Выбрать главу

Бобби нерешительно вошел в мастерскую и еще более нерешительно подошел к стене с окном, которое было почти на уровне земли. Синди осталась стоять у двери, с опаской глядя на него.

Он повернулся и представил, как на месте того мужчины подкрался бы к этому окну. Он не стал бы шуметь, следовательно, не представлял бы непосредственную опасность. Быстро заглянул бы внутрь, посмотрел вперед и ничего бы не увидел. Потом, более внимательно, налево и направо. Наконец, заметил бы кого-то, сидящего на верстаке и болтающего грязными ногами взад-вперед. Человек – ребенок – случайно поднял бы глаза, увидел подглядывающего и закричал бы. После этого во всем доме зажегся бы свет, и пришло бы время «рвать когти».
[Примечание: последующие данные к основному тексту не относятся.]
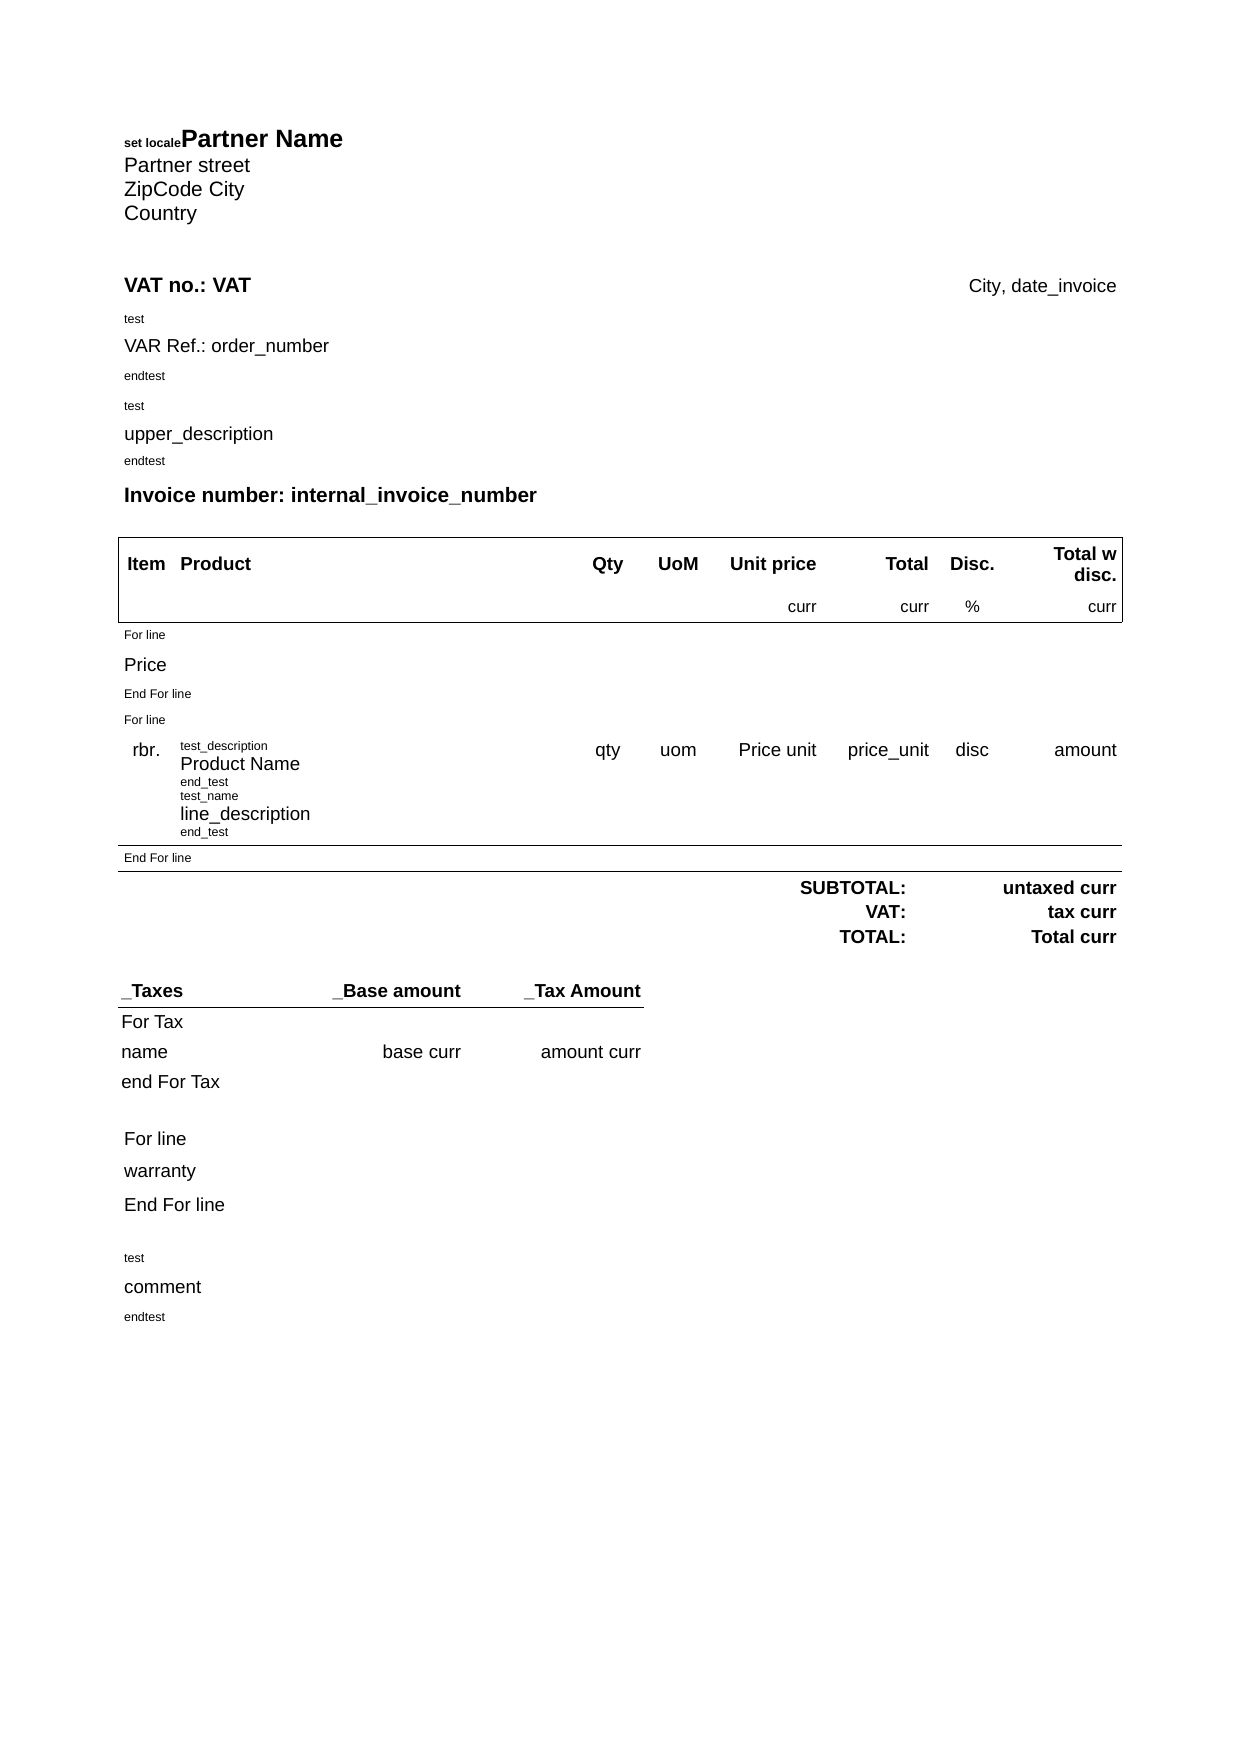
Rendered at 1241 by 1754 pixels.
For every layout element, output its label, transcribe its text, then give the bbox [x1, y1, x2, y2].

Подобные пошаговые умозаключения приписывают людям гораздо старше Бобби, но это никоим образом не соответствует действительности. С ним происходило то же самое. Он так не думал, он так чувствовал. Внезапно ему стало спокойнее на душе. К тому же, это действительно был Сборщик, и он убежал. Поскольку, если бы это был кто-то из добрых соседей, то в дверь бы уже постучали. Тем не менее Бобби протянул руку и выключил единственный светильник.

– Бобби, мне страшно. Я не хочу входить…

– Входи или иди куда-нибудь в другое место, – сказал он. – Я закрою дверь и останусь сторожить. Если не хочешь, уходи.

– Я устала.

– Тогда иди спать.

Синди больше не говорила, что ей страшно. Вместо этого вошла и послушно закрыла за собой дверь. Стало очень темно, но вскоре, когда глаза привыкли к темноте, из окон всех верхних комнат, где они включили светильники, заструился слабый свет. Через некоторое время, когда они освоились, страх отчасти прошел. Хотя, как и их пленница, они испытывали некоторый дискомфорт. Теперь оставалось только слушать.

П

од конец четвертого дня Барбара была окончательно сломлена, хотя с заклеенным ртом не могла ни говорить им что-либо, ни умолять их. Настал момент, когда после неудавшегося утреннего бунта ее подвесили за руки, заведя их за спину. Если б они тогда отпустили ее и дали ей хотя бы минуту отдыха, то она – без всяких уловок – сделала бы все, о чем бы ее ни попросили. Служила бы им. Позволяла бы бить себя. Дала бы клятву хранить все в секрете. Лишь бы они прекратили свою игру. И это была чистая правда. Она так думала и верила в это. Однако дети в течение всего дня либо ни о чем не подозревали, либо им было все равно.

Они оставили ее на ночь в позе, которую придумала Дайана. Привязали спиной к столбу, руки за спиной, одна нога служила опорой, а другая была заведена назад и привязана к запястьям. Это было невыносимо, и Барбара не смогла бы так стоять, если бы не веревки – завязанные под полным контролем Дайаны, – которые обвивали опорный столб, ее ногу и тело и удерживали ее в таком положении. Даже потеряв сознание, Барбара опустилась бы лишь на пару дюймов и осталась стоять.

Это уже слишком, это уже чересчур, – говорила себе Барбара. К завтрашнему утру она будет в невообразимом, почти вегетативном состоянии. Мелодраматическое сожаление, с которым она повторяла это про себя – ни о чем другом она думать не могла, – было вызвано не столько нынешним дискомфортом, сколько тем фактом, что дети зашли так далеко.

Смысл игры, в которую играли дети, заключался в том, чтобы вызывать чувства беспомощности, унижения и – иногда – боли, наблюдать за ними и экспериментировать. Это было предварительное исследование по крайней мере одного вида человеческих отношений. Однако никто не выдерживал и четырех часов, не говоря уже о четырех днях и ночах. Время было тем ингредиентом, которого они не понимали или с которым – неосознанно – хотели играть. Точнее, реальность времени.

Дайана это понимала.

– Оставьте ее, – сказала Дайана. Она злилась весь день, но теперь остыла. Барбара уже видела, как она возвращается к роли спокойной послушной девочки, которую будет играть, когда через полчаса вернется домой. – Оставьте ее как есть. Не отпускайте ее, даже если она будет немного шуметь…

– Слышал, бздун? – добавил Джон.

– Хорошо, хорошо, не буду, – со вздохом ответил Бобби.

– Лучше не надо. – Пол, который из-за своих игр был уже на грани помешательства, корчился рядом с Бобби.